Mayor requests a third workshop before budget is approved

Around 12 boats burn in Long Beach

Approximately 12 boats in Long beach were burned during the early hours of Monday, May 8. This was confirmed by Long Beach Fire Capt. Jack Crabtree, who is the LBFD’s public information officer. Crabtree wrote that LBFD was called for service at 1:15 a.m., to the dock behind the 100 block of Marina Drive. “We had all the vessel fires extinguished by 1:40AM,” Crabtree wrote.

He did not have an estimate for the value of the property damage.

He wrote that around 12 boats caught fire, of which four or five sank. “These numbers will be solidified once the investigation is complete (the investigation is on going, no update on what started the fire),” Crabtree wrote.

Proposed 2023-2024 budget is available online

The proposed Seal Beach city budget is online for anyone who wants to download it. Go to the Finance Department page on the city website. It’s 312 pages long.

Third budget workshop requested

During the this week’s, regular City Council meeting. District Two Councilman/Mayor Tom Moore said he was shocked by the five-year budget forecast. During last week’s workshop, he expressed concern because the five-year forecast at that time projected a possible deficit of more than $5 million in 2028. He asked for another budget workshop before the council approves the budget.

(The city approves the budget in June.)

City Manager Jill Ingram said they would be happy to have another study session. Ingram described the budget forecast as fluid.

A date has not been announced for the workshop. A bit more on the forecast below.

A budget question and a budget answer

During the May 2 budget/capital improvement program workshop (the second of two), District Five Councilman Nathan Steele said the city had closed a $2 million budget gap to balance the budget. On May 2, I emailed Finance Director/Treasurer Barbara Arenado to find out if that was correct.

On May 8, Arenado wrote back: “Thank you for your question.
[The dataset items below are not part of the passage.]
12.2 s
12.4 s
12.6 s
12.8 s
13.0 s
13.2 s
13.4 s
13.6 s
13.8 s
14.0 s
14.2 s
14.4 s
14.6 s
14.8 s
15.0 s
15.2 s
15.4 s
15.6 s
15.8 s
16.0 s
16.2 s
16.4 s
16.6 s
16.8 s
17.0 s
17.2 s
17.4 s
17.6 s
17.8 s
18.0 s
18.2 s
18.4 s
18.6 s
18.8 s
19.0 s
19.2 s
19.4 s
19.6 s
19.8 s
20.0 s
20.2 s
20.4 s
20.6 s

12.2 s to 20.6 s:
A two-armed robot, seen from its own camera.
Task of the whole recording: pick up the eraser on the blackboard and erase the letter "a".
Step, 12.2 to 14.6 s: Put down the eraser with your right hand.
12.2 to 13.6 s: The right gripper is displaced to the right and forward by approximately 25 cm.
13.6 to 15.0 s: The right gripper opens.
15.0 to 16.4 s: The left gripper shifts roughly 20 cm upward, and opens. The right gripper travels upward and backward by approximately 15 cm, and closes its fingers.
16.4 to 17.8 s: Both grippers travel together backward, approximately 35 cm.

The FY 2023-24 Proposed Budget is balanced and will be brought for adoption by City Council on May 22, 2023.”

Budget forecast

Sometimes a table or chart can be easier to understand than words, so I put a slide from a recent Seal Beach City Council budget workshop on this page. (As a writer, it physically hurt me to write that sentence.)
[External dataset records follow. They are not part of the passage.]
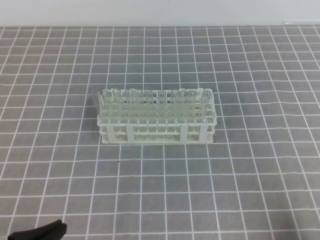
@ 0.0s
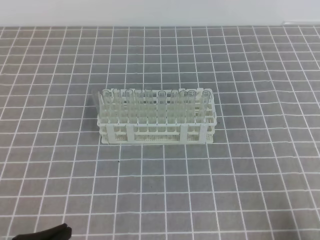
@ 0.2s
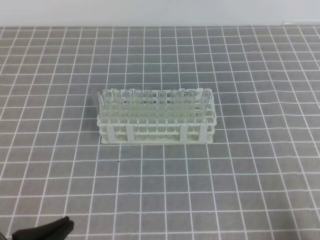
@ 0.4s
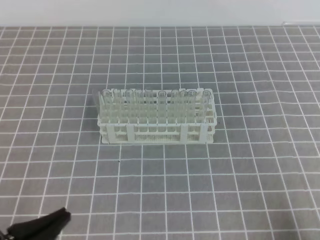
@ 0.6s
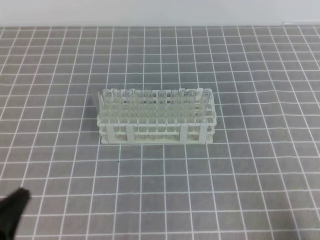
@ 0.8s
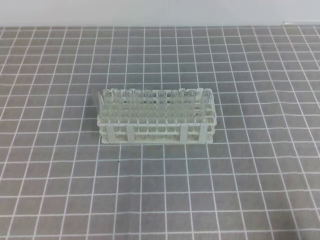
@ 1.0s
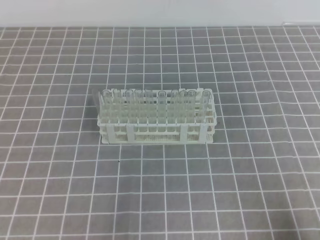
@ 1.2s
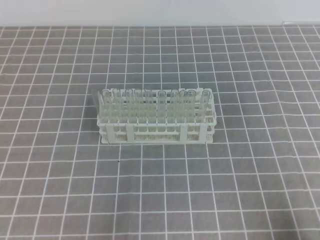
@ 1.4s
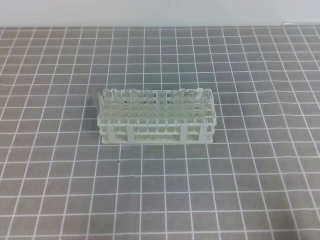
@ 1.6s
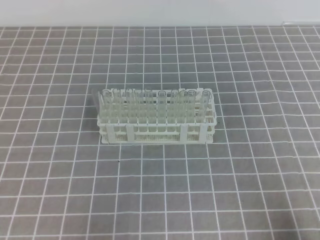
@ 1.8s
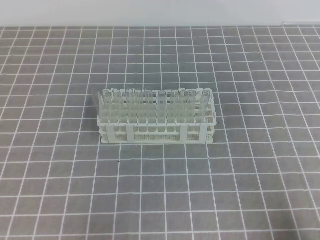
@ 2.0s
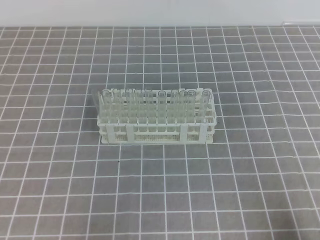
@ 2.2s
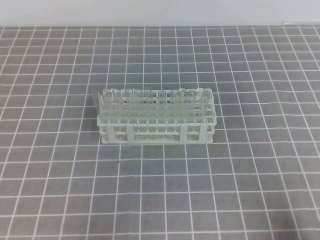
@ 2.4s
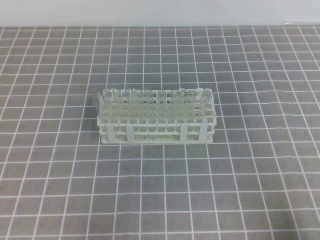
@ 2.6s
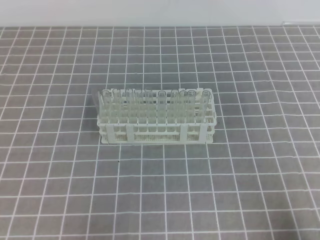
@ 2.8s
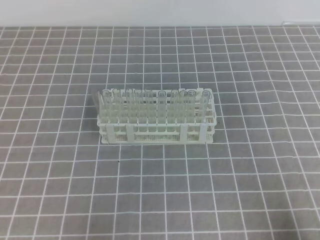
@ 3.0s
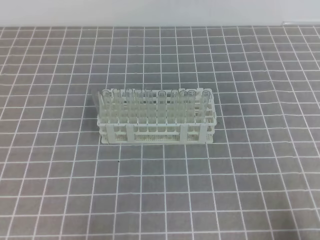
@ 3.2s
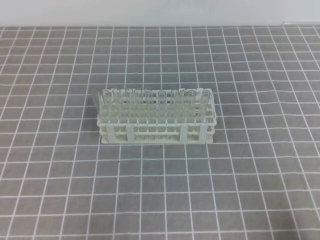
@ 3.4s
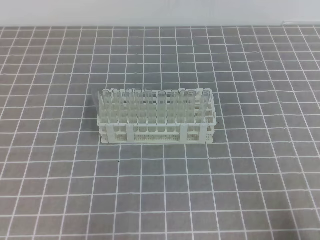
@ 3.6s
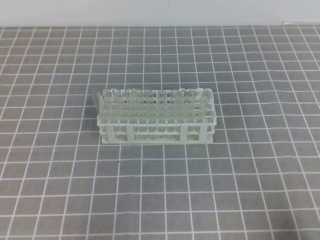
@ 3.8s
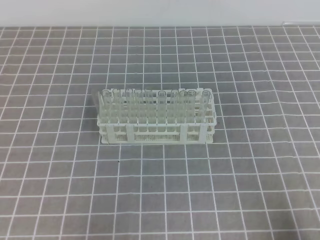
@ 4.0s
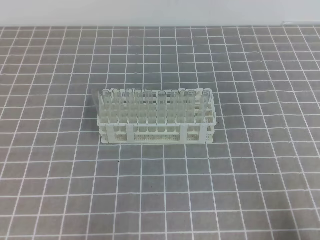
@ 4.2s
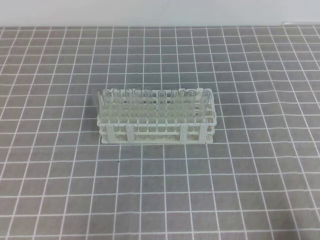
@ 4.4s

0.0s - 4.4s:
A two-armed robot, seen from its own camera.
0.0s - 1.4s: The left gripper ends up some 5 cm from where it was.
3.0s - 4.4s: Neither gripper changes place.

According to the five-year forecast, the city could be in financial trouble if expenses continue to outpace income. In fact, it projects a potential $5.5 million deficit in 2028. (District Two Councilman/Mayor Tom Moore said “5 million” during the second budget workshop held on May 2. So did District Four Councilwoman Schelly Sustarsic.)

The Sun asked Finance Director Barbara Arenado for confirmation of that number in a May 8 email.

That same day, Arenado wrote back: “The City proactively conducts a thorough review, making necessary updates and corrections to ensure a balanced budget each year.  The FY 2023-24 Proposed Budget is balanced. However, the Five-Year Outlook revealed a potential deviation if the City were to take no action in the outer years. A Five-Year outlook involves projecting financial expectations based on current data for the next five years with the information we have today. It helps the City anticipate challenges and opportunities in the longer term, enabling early and prudent action. Reviewing the outlook in advance allows the City to take necessary measures early, responsibly, transparently and in a fiscally responsible manner. This proactive approach ensures that the City is prepared to address any potential impacts and make informed decisions for long term fiscal sustainability.”

Some things to keep in mind about the forecast:

• Budget figures change constantly. •  The forecast “assumptions don’t reflect a recession,” according to the slide.

• The forecast “does not include Unfunded Needs Assessment: $250.)